Delegate or die: the self-employed trap - DanielRibeiro
http://www.sivers.org/delegate/
======
patio11
A few of my savvier (small-ish) software buddies use this system:

1) We have an onboarding Google Doc for everyone at the company. It is grouped
into headings. One heading might be, e.g., "Common Customer Support Questions"
followed by "Query: A customer complains they can't log into the software.
Common phrasings for this: X, Y, Z." Research: "Go to page X in the dashboard
[detailed in Internal Tools]. Search for... . If you find the customer, use
the password reset tool, then copy/paste the following response to the
customer, adding in their first name if you can reasonably guess it.

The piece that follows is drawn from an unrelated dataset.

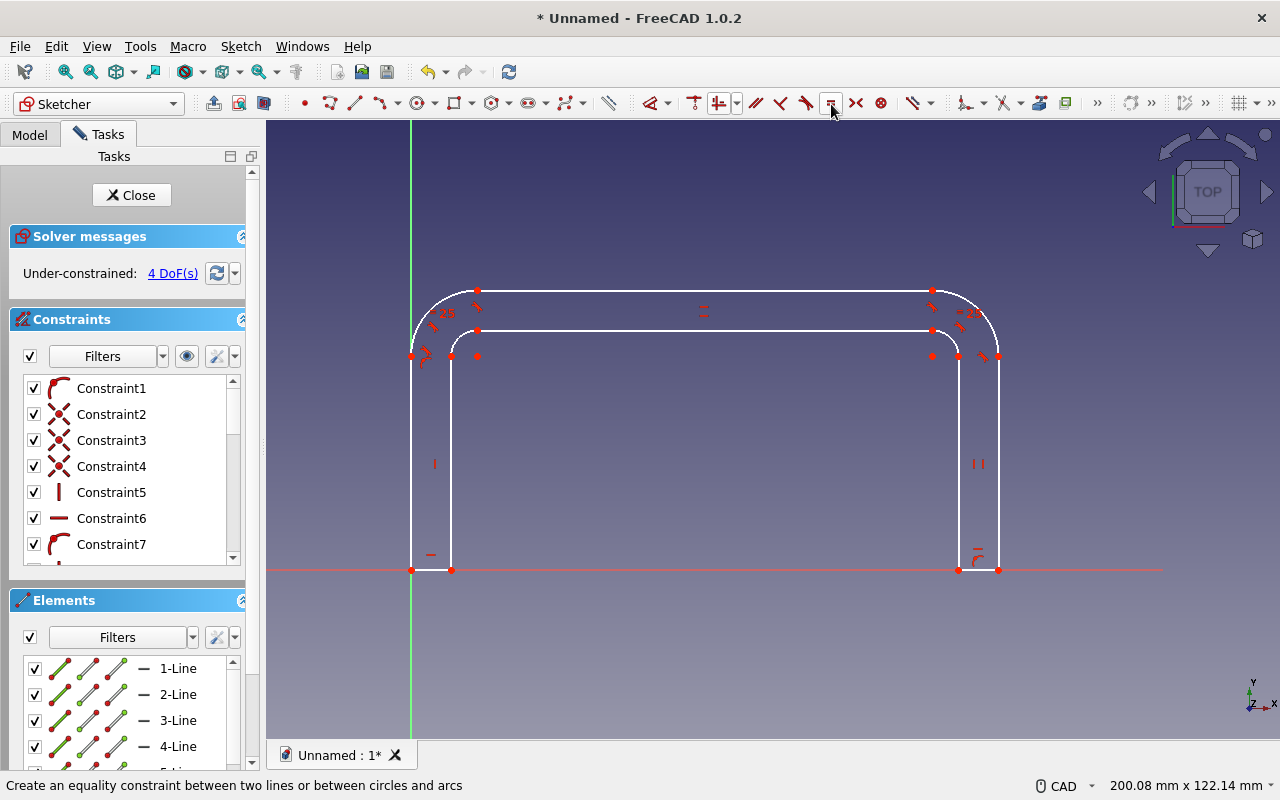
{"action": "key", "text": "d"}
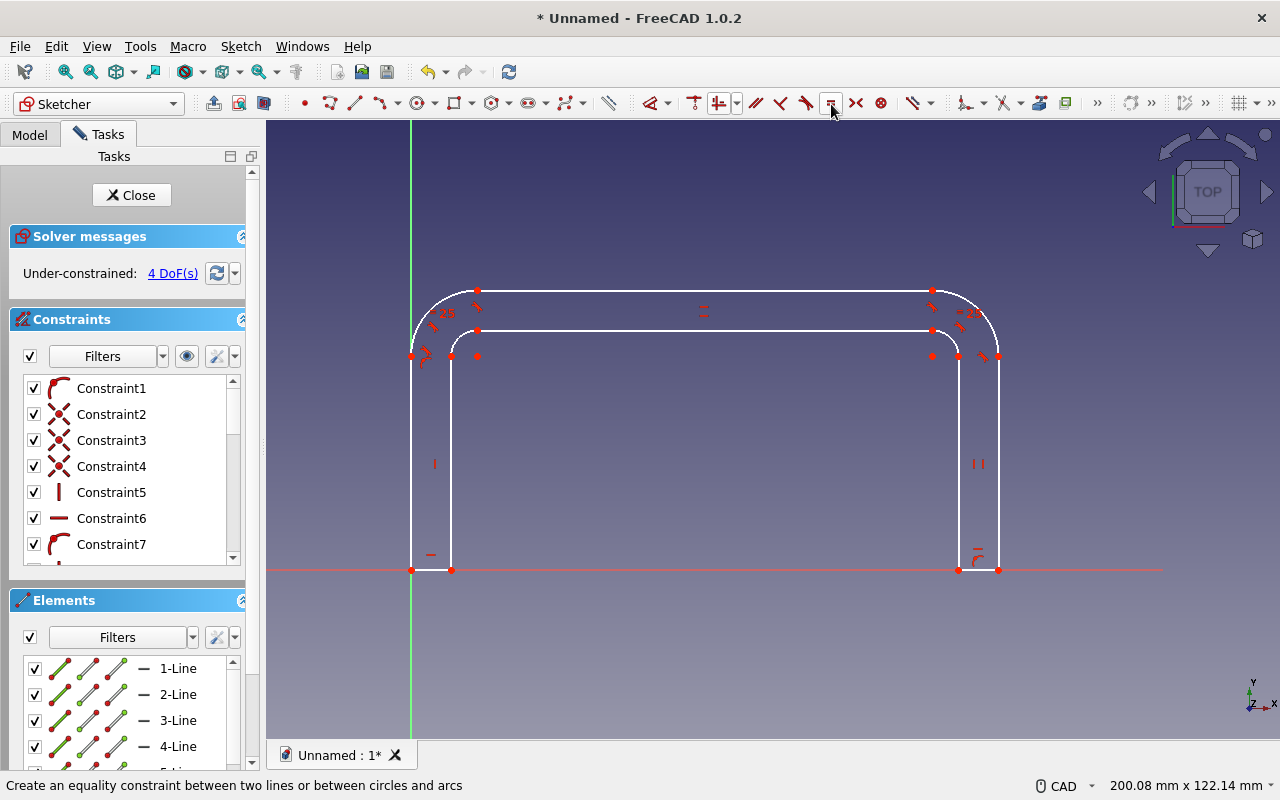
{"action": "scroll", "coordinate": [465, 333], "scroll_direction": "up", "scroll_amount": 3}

If the
tool reports no results, forward email to foo@bar.com and send no response."

2) Every time the proprietor gets tired of a genre of emails, they improve
either the internal tools or the business rules to optimize themselves out of
that workflow.

3) There is frequently a catch-all rule saying something like "If you have a
novel situation and think you can handle it for under $100, do so [see:
Getting Access To A Company Card], and fill in why the situation was novel,
how you handled it, and what you spent on your weekly report Google doc. Don't
worry, we trust you to use your judgement." (This is probably among the best
pieces of actionable advice Tim Ferris ever gave.)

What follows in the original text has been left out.